Juzgar a una persona es un derecho del que nos apoderamos injustamente.
Ya que el juzgar no involucra presentar una solución como la crítica o el consejo, su fin es catalogar, dictar sentencia y destruir lo que se oponga.
Pero ¿existe, acaso, un ser mejor a nosotros mismos para aconsejarnos en el momento preciso, uno que adivine nuestros deseos, mucho antes de ser formulados y produzcan su efecto tentador, para alejarnos del mal? Y si nuestra personalidad, en un principio, no fue más que nuestros íntimos deseos ¿ese alguien no debería estar dentro de nosotros aún antes, entonces, del principio, del primer sentimiento?
En efecto, ese ser debería haber estado siempre donde nosotros estuvimos, exponerse exactamente a lo mismo desde el mismísimo comienzo.

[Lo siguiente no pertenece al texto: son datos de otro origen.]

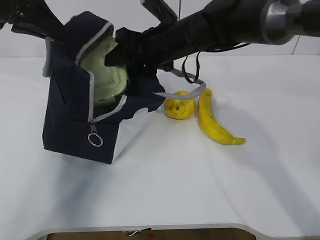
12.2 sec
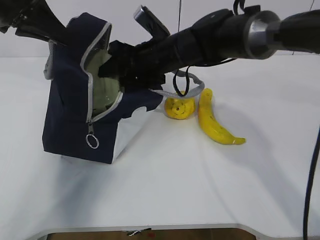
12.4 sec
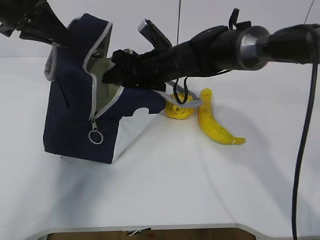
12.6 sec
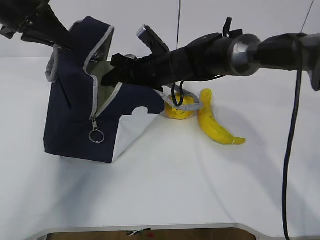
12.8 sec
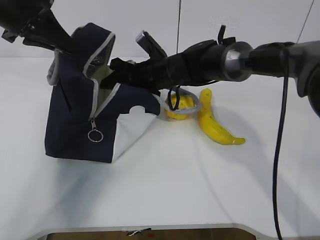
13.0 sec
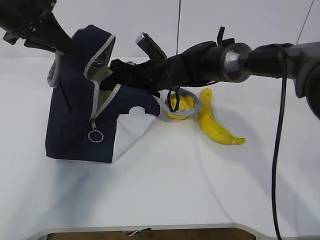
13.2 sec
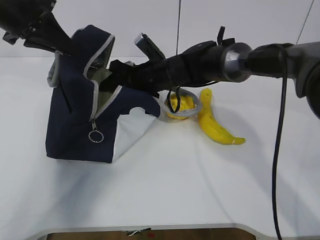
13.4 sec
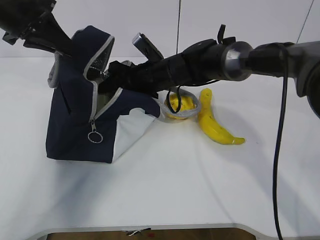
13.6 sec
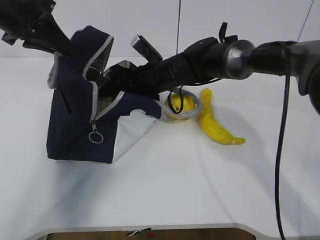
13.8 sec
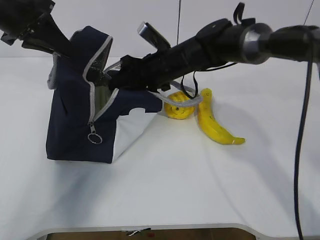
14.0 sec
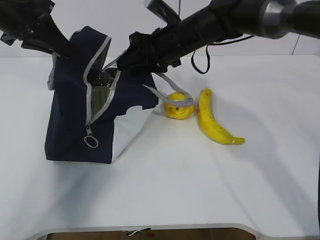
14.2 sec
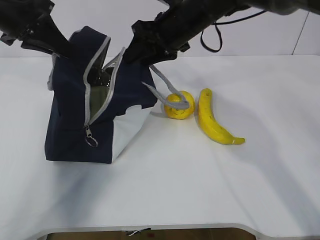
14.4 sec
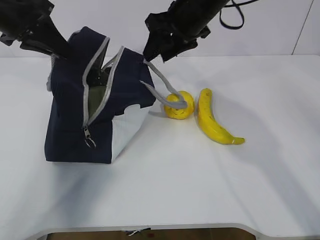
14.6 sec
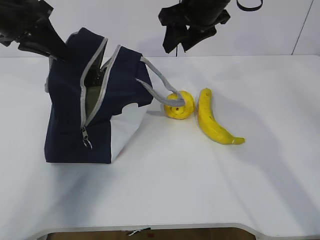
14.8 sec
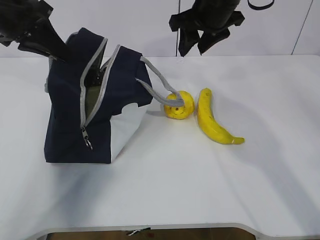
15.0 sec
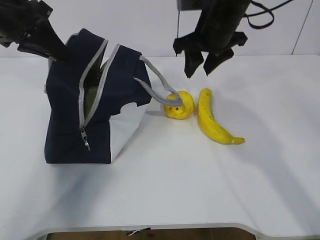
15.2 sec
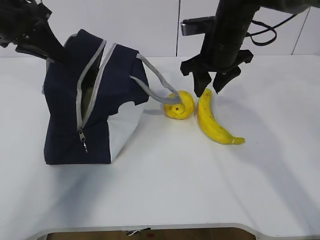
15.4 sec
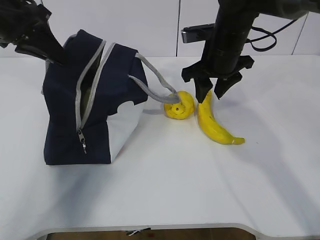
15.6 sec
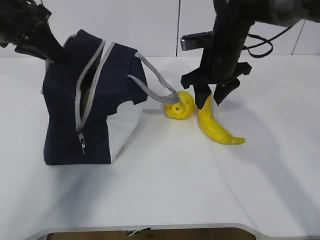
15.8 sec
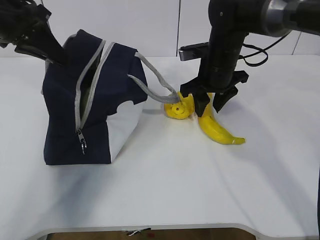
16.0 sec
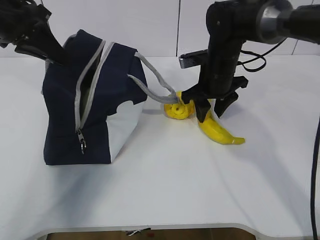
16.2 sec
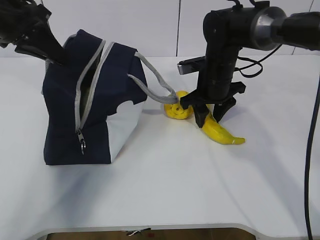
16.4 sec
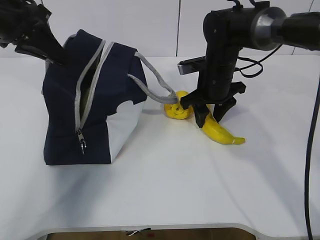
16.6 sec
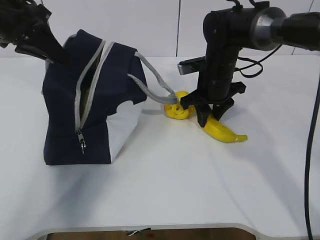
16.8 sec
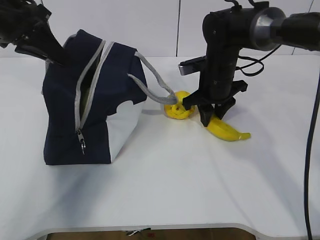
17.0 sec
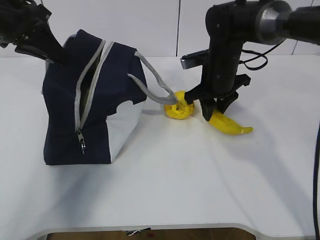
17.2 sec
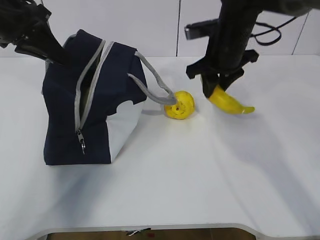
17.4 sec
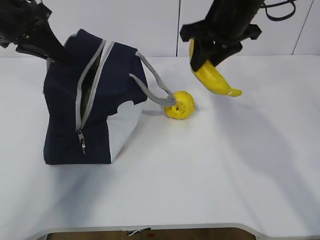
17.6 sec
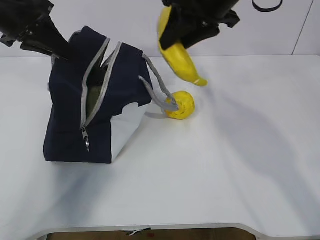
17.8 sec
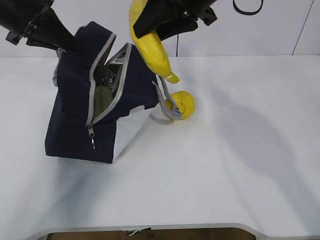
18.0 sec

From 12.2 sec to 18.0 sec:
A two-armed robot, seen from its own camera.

Pero si así fuera, ¿acaso él no sería igual a nosotros pues se habría apoderado de nuestra existencia? ¿Sus deseos no hubieran sido moldeados por el mismo entorno para alcanzar la misma personalidad? Y bajo la misma moral, se transformaría, pues, en nadie más que en nosotros mismos.
Remítome a los hechos, finalmente, para afirmar que entonces, él hubiera tomado las mismas decisiones.
Juzgar a una persona es un derecho del cual nos apoderamos precipitadamente.